现在站在舞台上的是娜娜的奴隶,他蒙眼趴跪,撅起屁股,后穴被充分润滑,闪着晶莹的光。娜娜从果盘中拿起一只樱桃,塞了进去。
“樱桃,主人。”
接着是草莓,勺子,切开的苹果,橘子瓣,他的奴隶都一一回答正确。
难度在升级,几个蚕豆和樱桃一起塞入,奴隶认真感受着,回答道:“三颗蚕豆,两个樱桃。”
在掌声中,娜娜让奴隶把体内的东西吐出来,将一个嗡嗡响的跳蛋塞到深处,奴隶的身体僵硬起来,呼吸有些急促,娜娜又将一片几个硬币塞了进去。显然跳蛋影响了他的判断,他蠕动的后穴表明他正在努力将硬币分开,好判断它的大小。
所有人都期待着奴隶说出正确答案时,伊米修斯注意到索尔的眼神,他等了快一个小时,还是让自己保持镇定放下酒杯不慌不忙走过去。
门外的索尔眼神又有些阴冷,但还是没有让伊米修斯感到敌意。
“我最近努力找你的情报,可是线索到南方大陆就断掉了。虽然没有太大进展,起码说明你真的侍从南方大陆来的。”

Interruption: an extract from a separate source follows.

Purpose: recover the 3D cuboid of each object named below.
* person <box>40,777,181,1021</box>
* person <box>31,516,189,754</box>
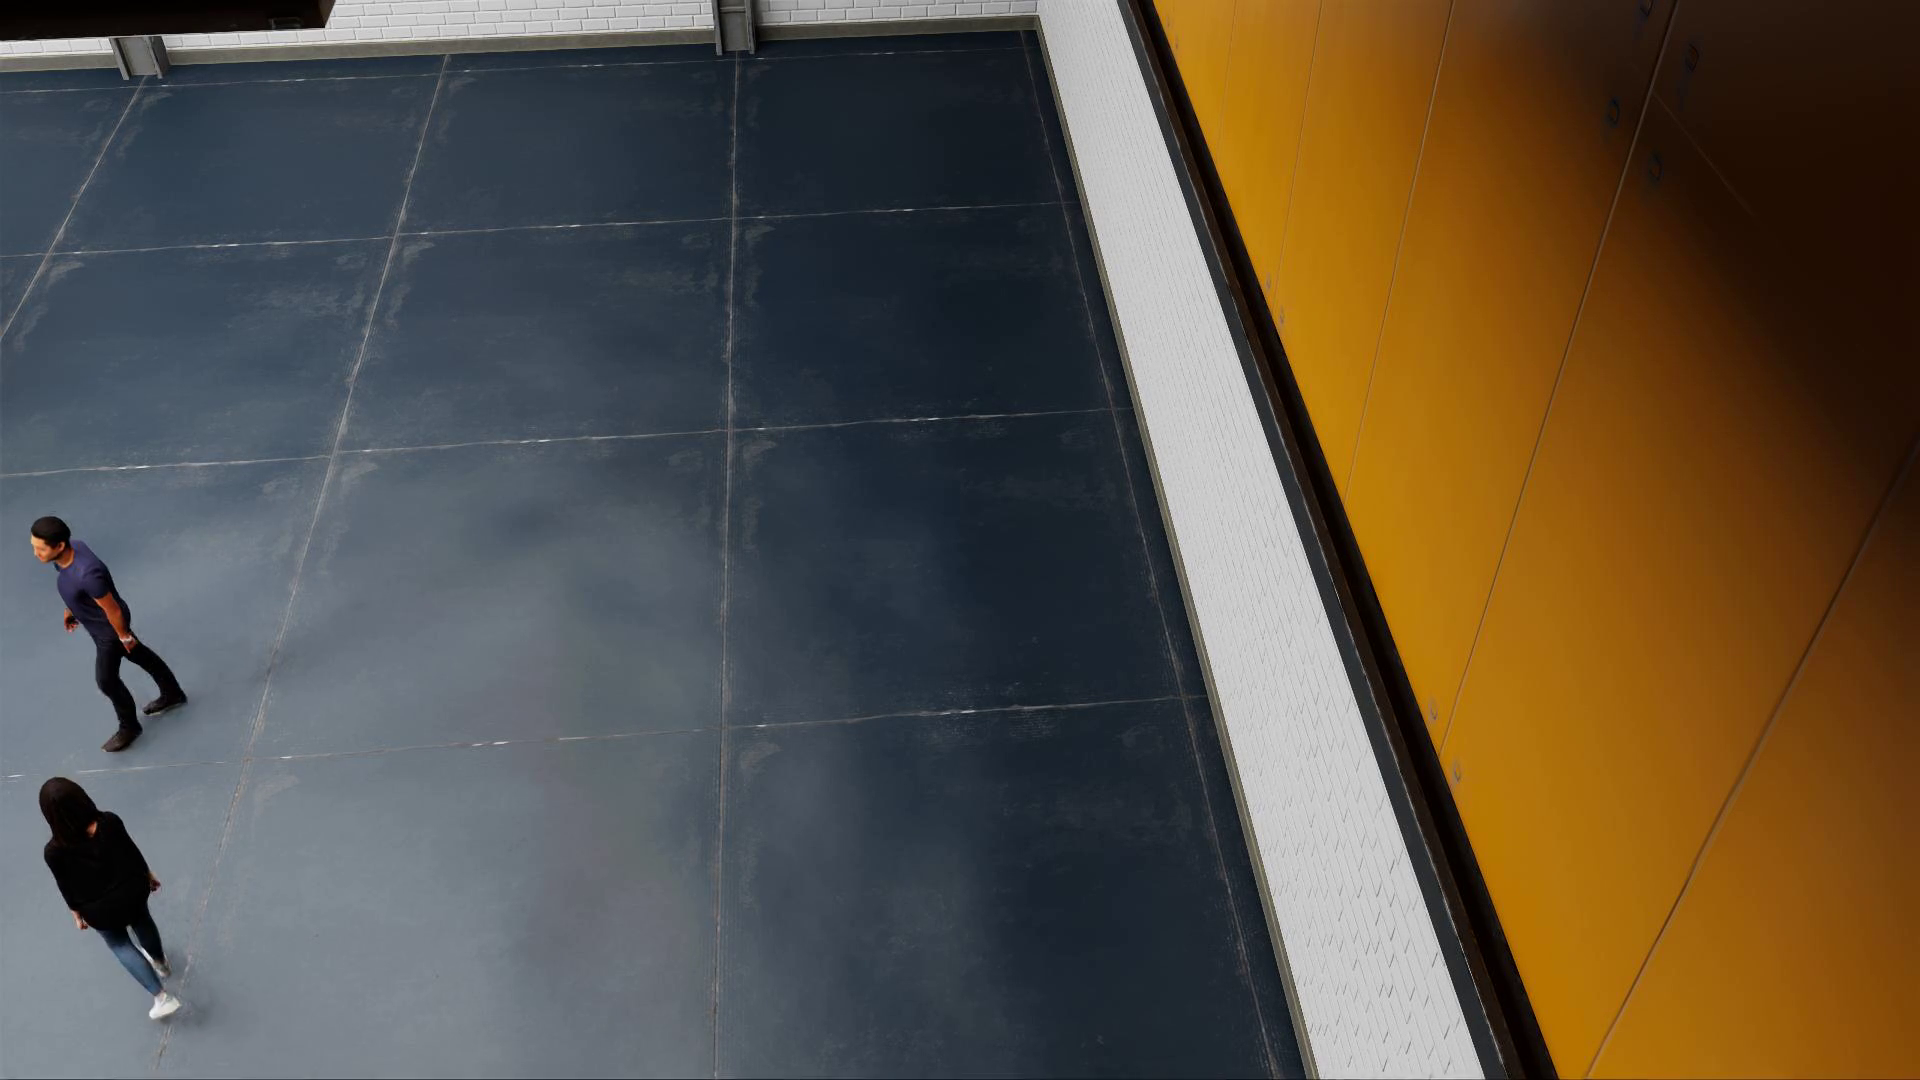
[{"bbox_3d":[-4.455,1.915,8.794,0.942,1.626,0.893,30,51,27],"label":"person"},{"bbox_3d":[-5.159,0.463,10.215,0.978,1.769,0.903,-31,52,-29],"label":"person"}]

“如果你信我说的话,也不用浪费三个月摸索着点没什么用的线索。”
“我这三个月可不止干这个。”索尔说着递给伊米修斯一个文件袋。
“这是什么?”伊米修斯迟疑了一下,还是接过文件袋。
“这是我给你做的伪装,你的伪装太低劣,可能出色的警察都能看出来。我也不敢保证我帮你做的伪装没人查得出来,但起码不走个三五年的弯路是找不到你的。并且找到你这之前,会触发我的诱饵,除非那个人是一流的高手。”
伊米修斯翻看着索尔帮他做好的文件,有些疑惑:“你为什么要帮我?”
“我也不知道,也许你身上有种让人帮的欲望。”索尔皱着眉,似乎也在困惑。“不过我肯定不是第一个中计的,起码你南方大陆的朋友在我前面,不然凭你的本事应该逃脱不出来。”

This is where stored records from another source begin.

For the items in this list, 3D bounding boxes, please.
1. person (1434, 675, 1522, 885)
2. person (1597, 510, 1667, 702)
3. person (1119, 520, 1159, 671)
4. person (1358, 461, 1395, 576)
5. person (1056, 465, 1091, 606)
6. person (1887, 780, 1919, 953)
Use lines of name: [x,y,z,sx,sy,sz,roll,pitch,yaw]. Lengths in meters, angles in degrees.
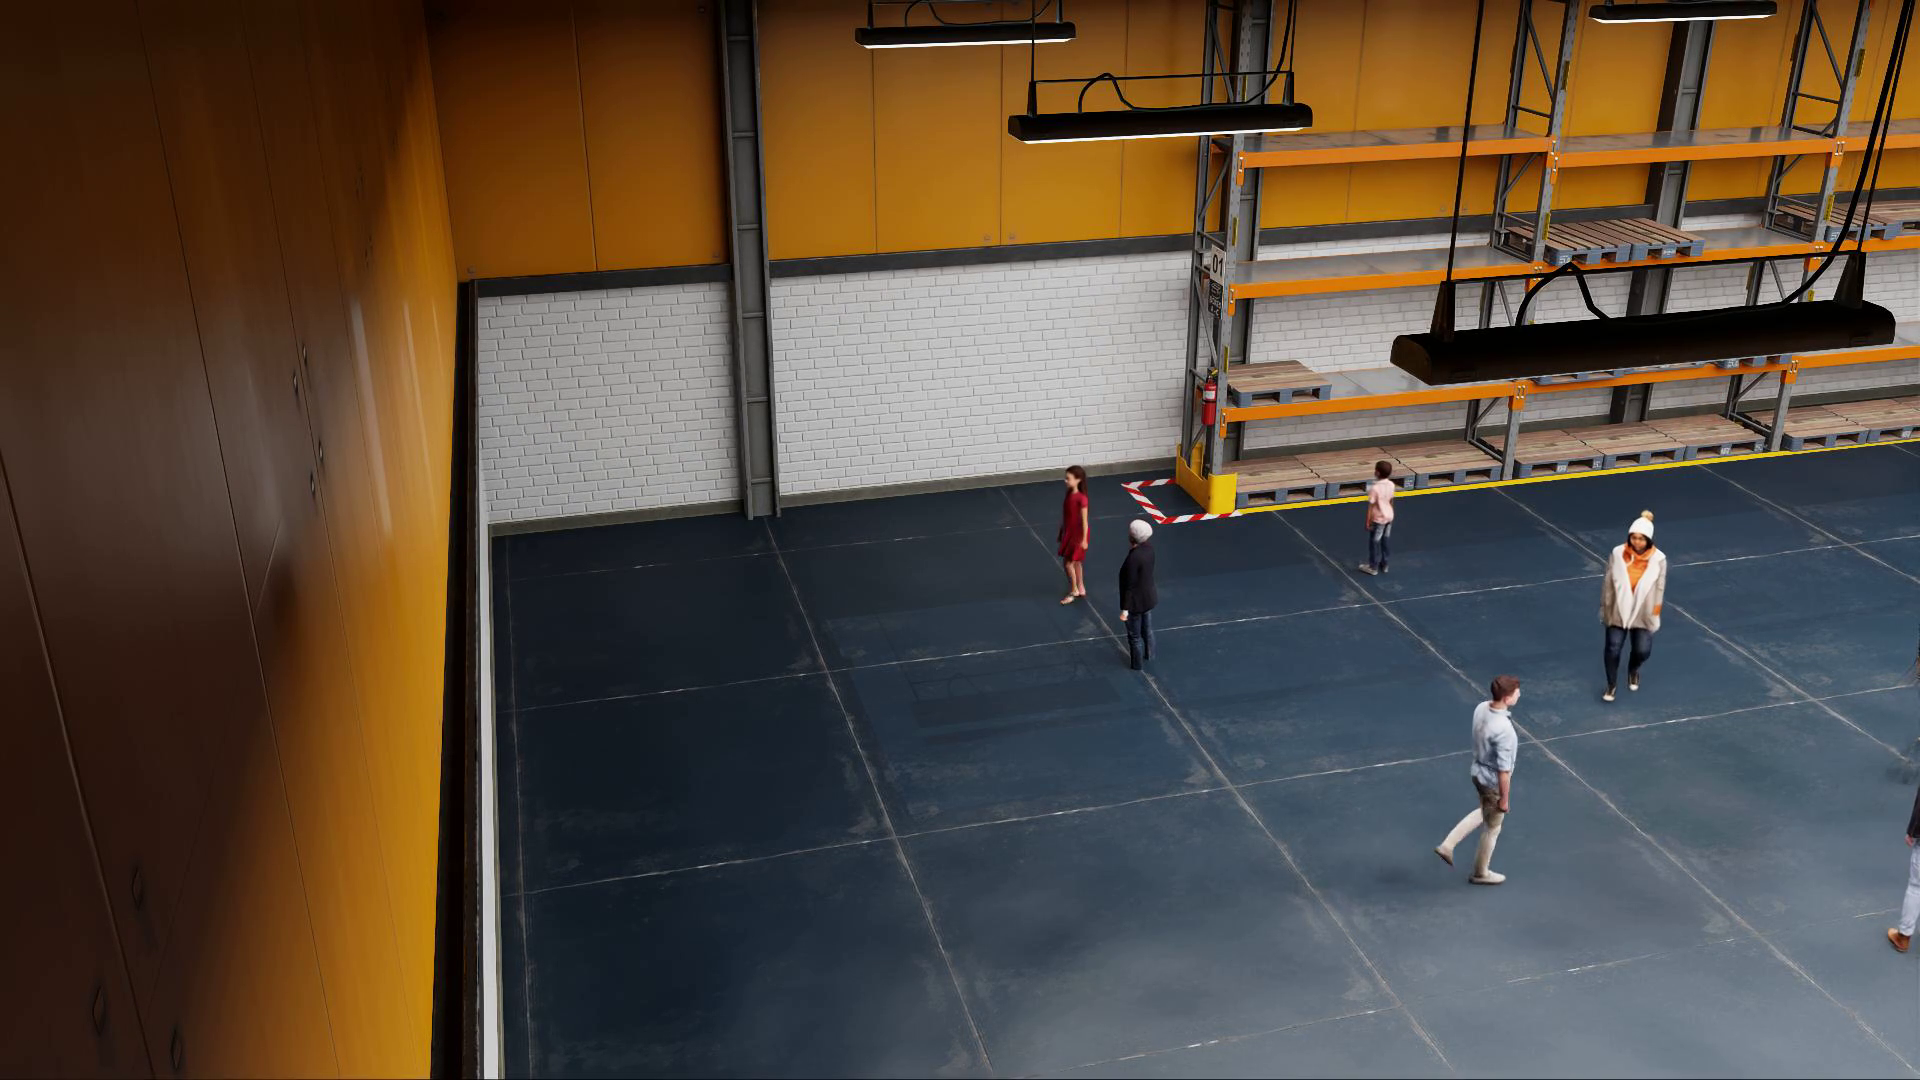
person: [3.999,1.858,12.818,0.842,1.834,0.716,-3,24,-6]
person: [6.329,0.595,15.640,0.902,1.886,0.965,11,26,23]
person: [1.770,0.642,16.317,0.799,1.781,0.808,18,29,35]
person: [4.643,-0.245,18.294,0.495,1.301,0.622,-14,27,-28]
person: [1.287,-0.074,17.605,0.685,1.538,0.617,-12,26,-25]
person: [7.120,2.198,12.037,0.690,1.836,0.801,7,25,16]

“是吗?”伊米修斯感到好笑:“一个主人会让别人产生需要帮助的欲望。”
索尔沉默一下,直视伊米修斯的眼睛:“是的,你有强健的体魄,超乎年龄的稳重与成熟,举手投足见都充满了自信。但内心深处却藏着挣扎与不安,或许还有恐慌。”
伊米修斯本打算强装镇定,立刻又自嘲的笑了笑,自己都被看穿了,还伪装什么。
“无意冒犯,或许我又多嘴了。”索尔的目光变得友善:“都说奴隶依赖主人,我们又何尝不依赖奴隶。我能感受到你在南方大陆痛苦的过去,跟你的奴隶分享一下,或许会轻松很多,弦崩的太紧容易断,我们都没自己想象的那么坚强。”
“你真可怕,如果我们是对头,我首先要弄瞎你的眼睛,它看穿的东西太多了。”伊米修斯说着,像是表扬。每次看到南方大陆的新闻,失眠便是免不了的,他知道自己胡思乱想无济于事,但除了胡思乱想之外他无能为力。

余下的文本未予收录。